New Phytologist 2018 1: 218-229
Ruwe H, Gutmann B, Schmitz-Linneweber C, Small I, Kindgren P
- Pentatricopeptide repeat (PPR) proteins are modular RNA‐binding proteins involved in different aspects of RNA metabolism in organelles. PPR proteins of the PLS subclass often contain C‐terminal domains that are important for their function, but the role of one of these domains, the E domain, is far from resolved. Here, we elucidate the role of the E domain in CRR2 in plastids.
- We identified a surprisingly large number of small RNAs that represent in vivo footprints of the Arabidopsis PLS‐class PPR protein CRR2. An unexpectedly strong base conservation was found in the nucleotides aligned to the E domain. We used both in vitro and in vivo experiments to reveal the role of the E domain of CRR2.

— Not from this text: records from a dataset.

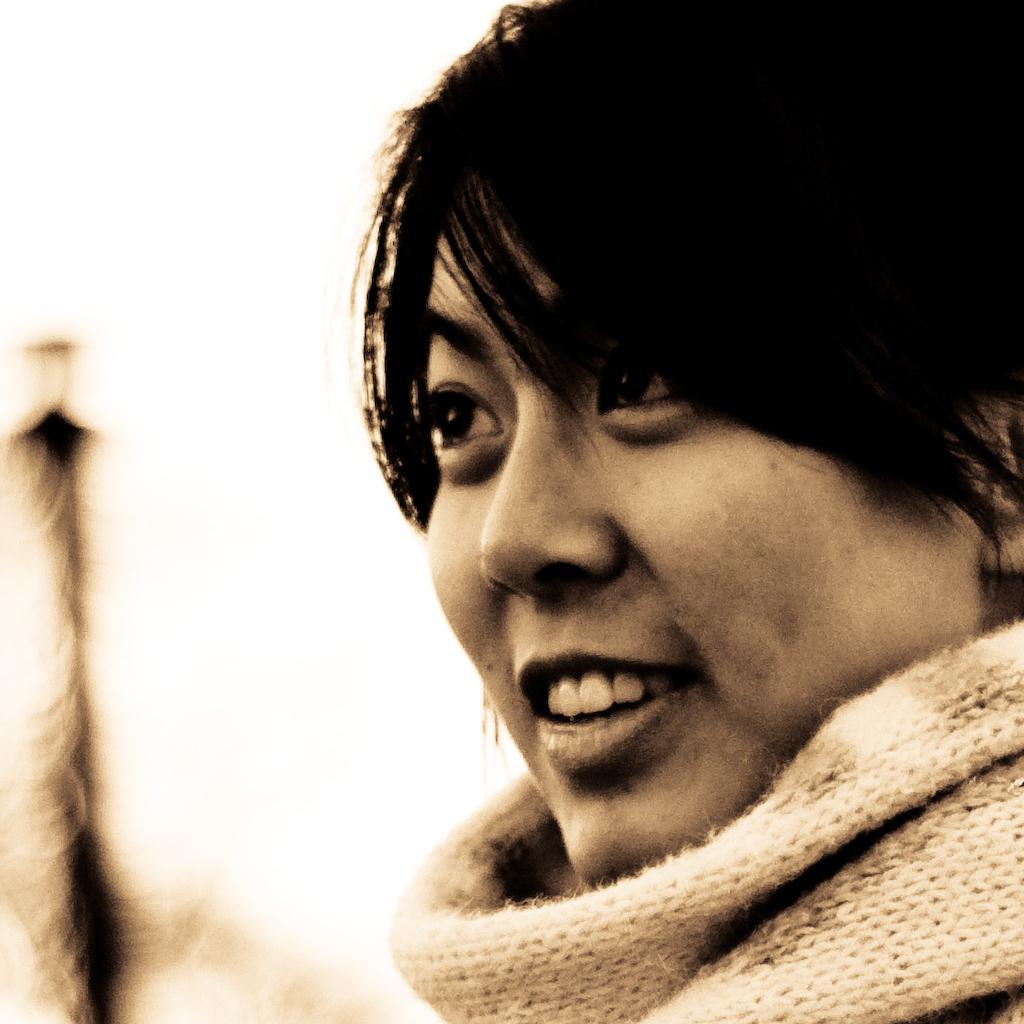What is the main subject of the image? There is a person in the image. Can you describe the background of the image? The background of the image is blurred. What type of list is the girl holding in the image? There is no girl or list present in the image; it only features a person with a blurred background. 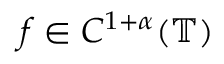<formula> <loc_0><loc_0><loc_500><loc_500>f \in C ^ { 1 + \alpha } ( \mathbb { T } )</formula> 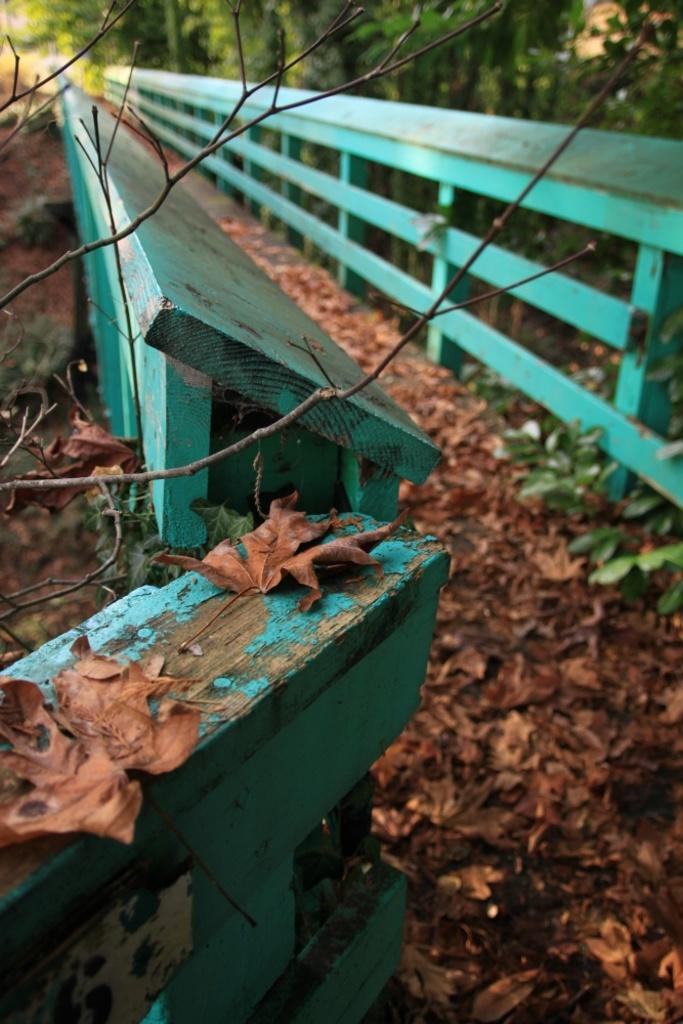Where was the image taken? The image was clicked outside. What is located in the front of the image? There is a wooden bench in the front of the image. What can be seen at the bottom of the image? Brown leaves are present at the bottom of the image. What is visible in the background of the image? There are trees in the background of the image. What type of government is depicted in the image? There is no depiction of a government in the image; it features a wooden bench, brown leaves, and trees. Can you see a squirrel climbing on the trees in the background? There is no squirrel visible in the image; only trees are present in the background. 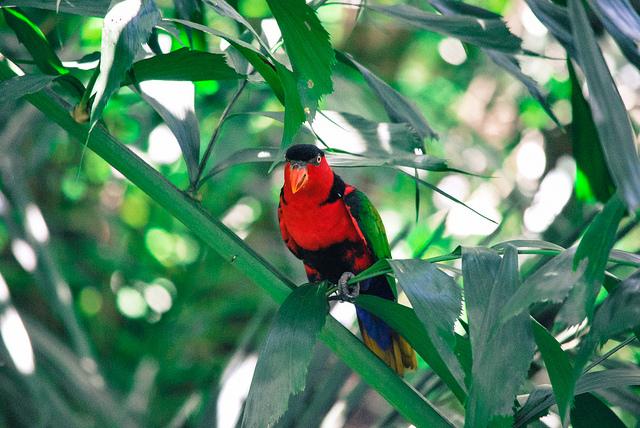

- The E domain of CRR2 can be predictably altered to prefer different nucleotides in its RNA ligand, and position 5 of the E1‐motif is biologically important for the PPR–RNA interaction. The ‘code’ of the E domain PPR motifs is different from that of P‐ and S‐motifs.
- The findings presented here show that the E domain of CRR2 is involved in sequence‐specific interaction with its RNA ligand and have implications for our ability to predict RNA targets for PLS‐PPRs and their use as biotechnological tools to manipulate specific RNAs in vivo.